Recorded data:
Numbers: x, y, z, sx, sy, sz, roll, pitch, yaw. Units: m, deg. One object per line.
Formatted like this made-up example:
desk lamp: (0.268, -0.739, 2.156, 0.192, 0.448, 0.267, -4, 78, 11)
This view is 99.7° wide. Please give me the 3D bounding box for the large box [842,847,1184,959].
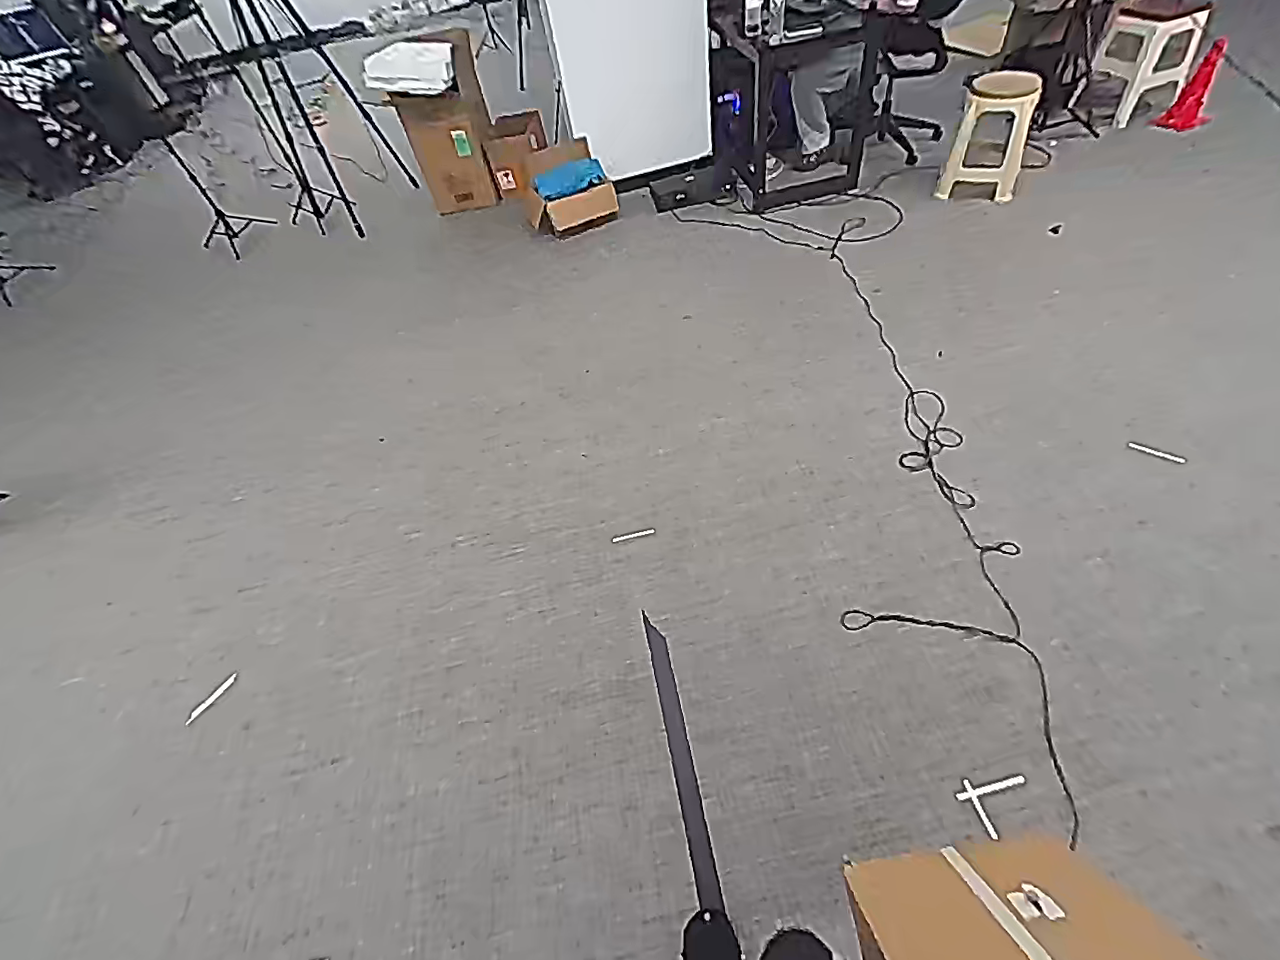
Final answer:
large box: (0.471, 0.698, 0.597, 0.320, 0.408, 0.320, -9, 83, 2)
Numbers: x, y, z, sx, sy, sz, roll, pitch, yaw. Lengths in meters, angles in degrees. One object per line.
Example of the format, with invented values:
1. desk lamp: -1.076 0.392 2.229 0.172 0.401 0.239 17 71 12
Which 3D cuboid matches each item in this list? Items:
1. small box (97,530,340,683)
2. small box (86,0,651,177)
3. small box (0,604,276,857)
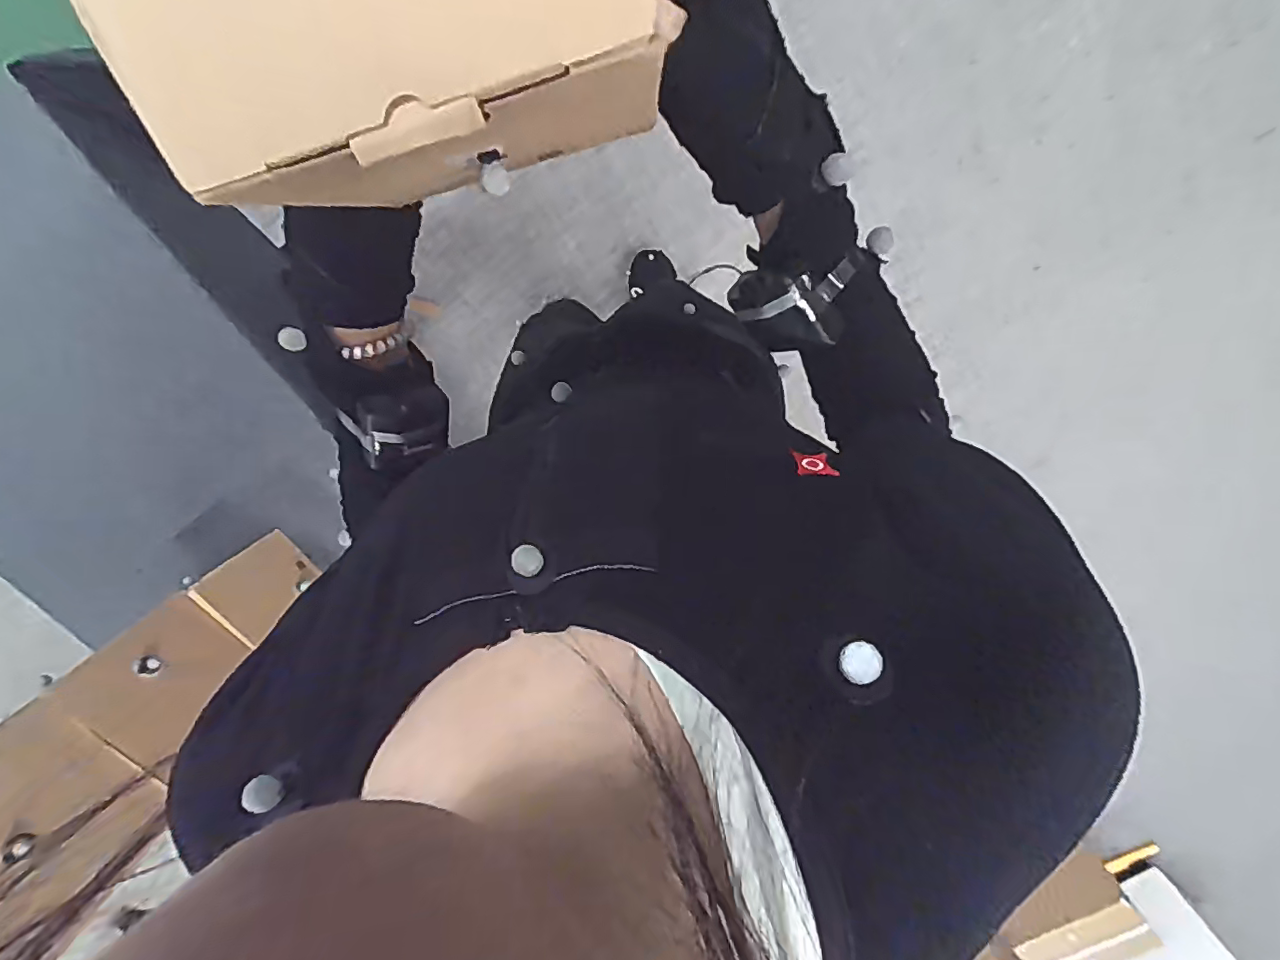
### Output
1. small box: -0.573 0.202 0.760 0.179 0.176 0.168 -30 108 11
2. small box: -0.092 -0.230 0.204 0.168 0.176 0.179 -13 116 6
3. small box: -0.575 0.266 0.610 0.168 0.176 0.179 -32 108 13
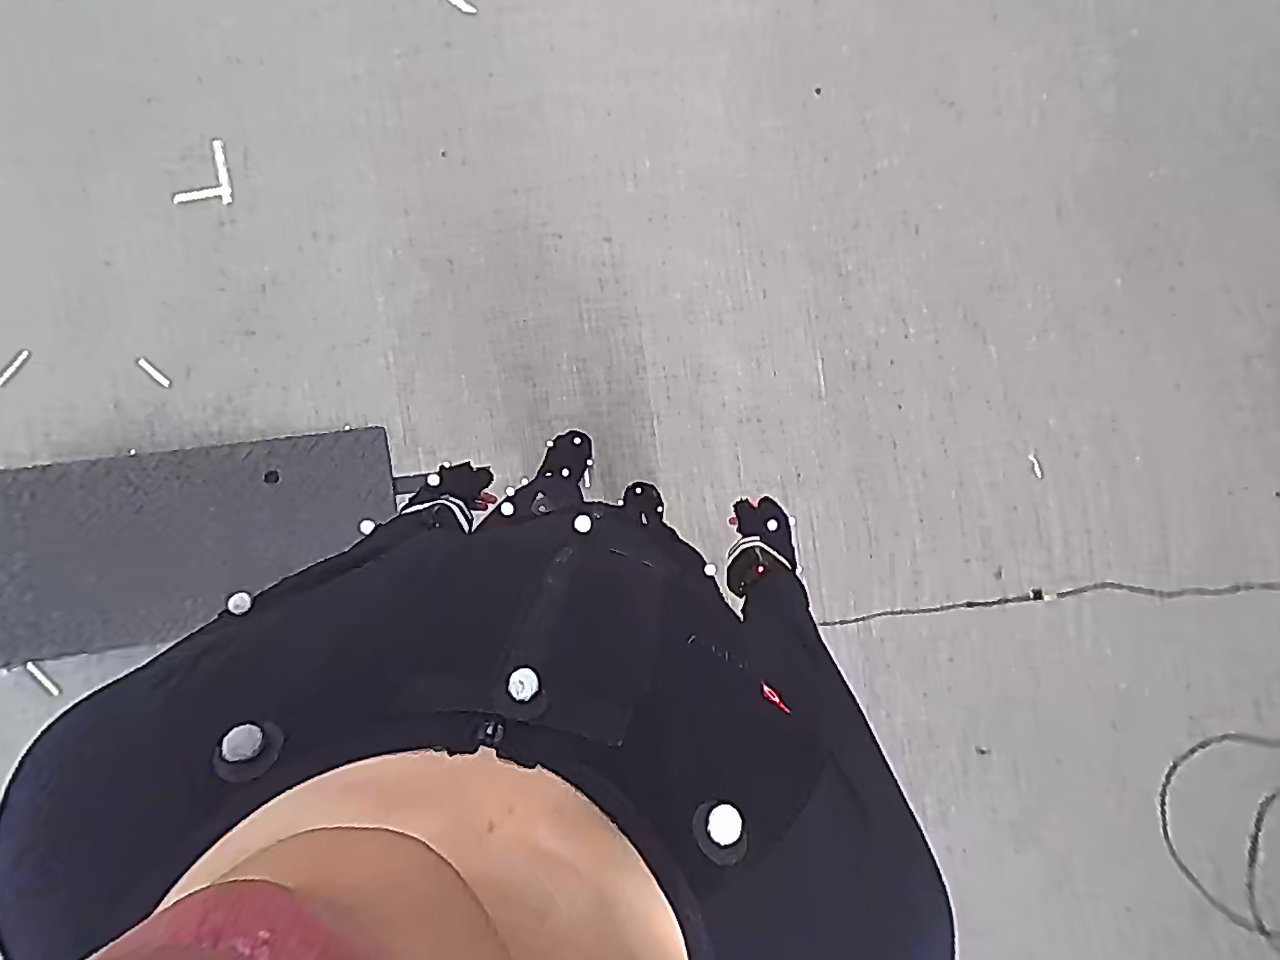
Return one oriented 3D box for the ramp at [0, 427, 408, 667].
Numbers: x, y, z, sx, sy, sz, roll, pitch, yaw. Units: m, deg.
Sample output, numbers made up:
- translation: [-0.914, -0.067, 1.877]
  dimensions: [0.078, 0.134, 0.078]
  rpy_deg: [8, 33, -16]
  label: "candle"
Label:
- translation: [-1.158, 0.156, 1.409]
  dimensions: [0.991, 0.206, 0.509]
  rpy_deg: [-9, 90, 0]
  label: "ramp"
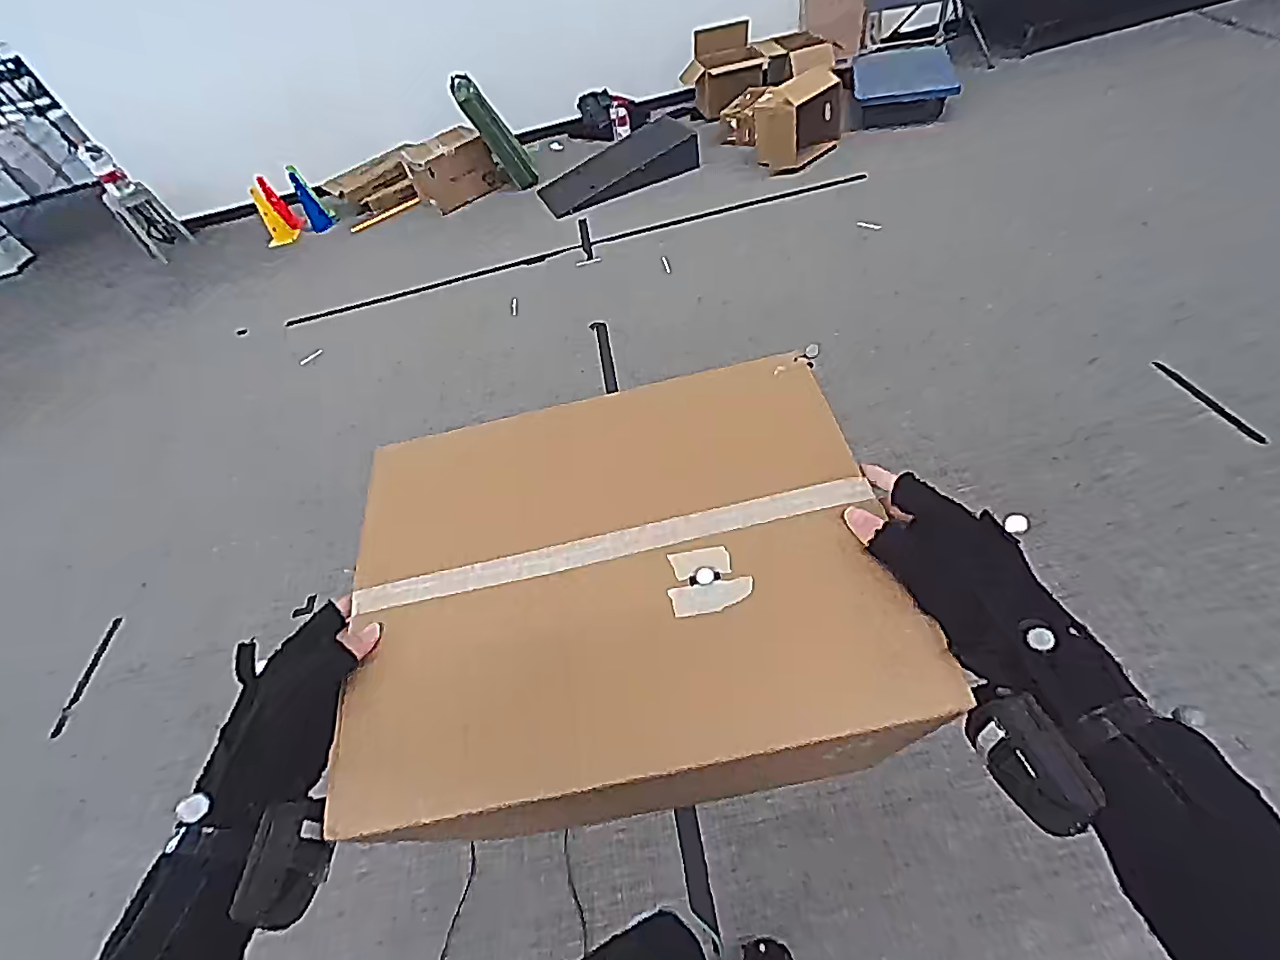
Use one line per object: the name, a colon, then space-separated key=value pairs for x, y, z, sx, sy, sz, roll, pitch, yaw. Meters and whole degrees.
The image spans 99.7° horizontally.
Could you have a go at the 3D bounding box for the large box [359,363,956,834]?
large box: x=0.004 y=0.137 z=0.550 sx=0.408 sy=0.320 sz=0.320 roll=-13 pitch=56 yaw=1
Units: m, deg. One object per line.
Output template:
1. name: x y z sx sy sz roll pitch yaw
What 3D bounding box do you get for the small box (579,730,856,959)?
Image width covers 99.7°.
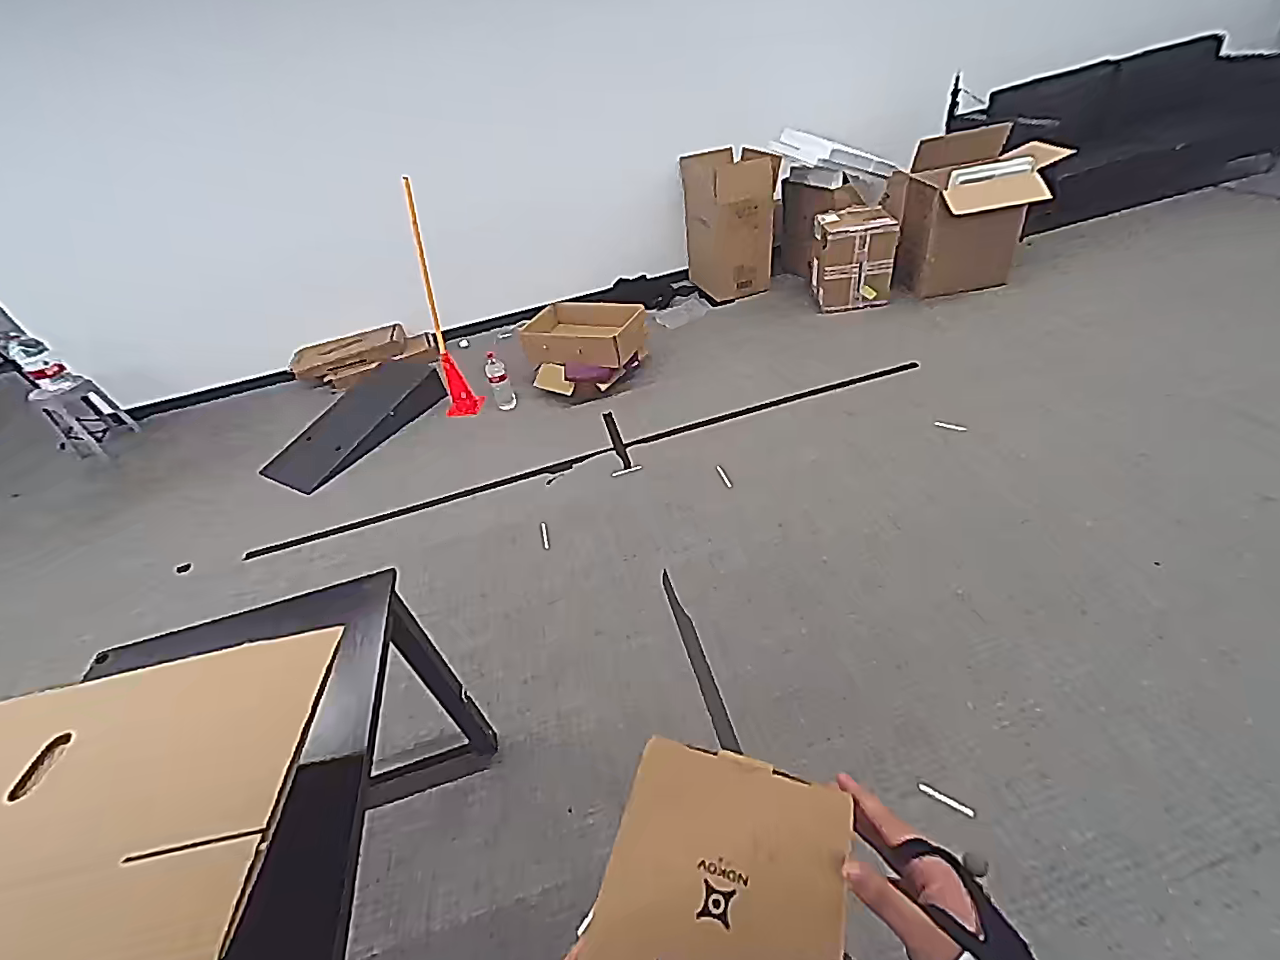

** Exercise prompt **
With the pictures left out, copy exactly the lines above from the line containing "Sample output, numbers" through the last line of the entries.

** Completed exercise **
Sample output, numbers made up:
- translation: [-0.914, -0.067, 1.877]
  dimensions: [0.078, 0.134, 0.078]
  rpy_deg: [8, 33, -16]
  label: "candle"
Label:
- translation: [-1.158, 0.156, 1.409]
  dimensions: [0.991, 0.206, 0.509]
  rpy_deg: [-9, 90, 0]
  label: "ramp"
Use one line per object: the name, a colon, then space-separated key=value pairs for x, y, z, sx, sy, sz, roll, pitch, yaw. Meters and whole degrees.
The image spans 99.7° horizontally.
Could you have a go at the 3D bounding box for the large box [359,363,956,834]?
large box: x=0.004 y=0.137 z=0.550 sx=0.408 sy=0.320 sz=0.320 roll=-13 pitch=56 yaw=1
Units: m, deg. One object per line.
Output template:
1. name: x y z sx sy sz roll pitch yaw
What 3D bounding box do you get for the small box (579,730,856,959)?
Image width covers 99.7°.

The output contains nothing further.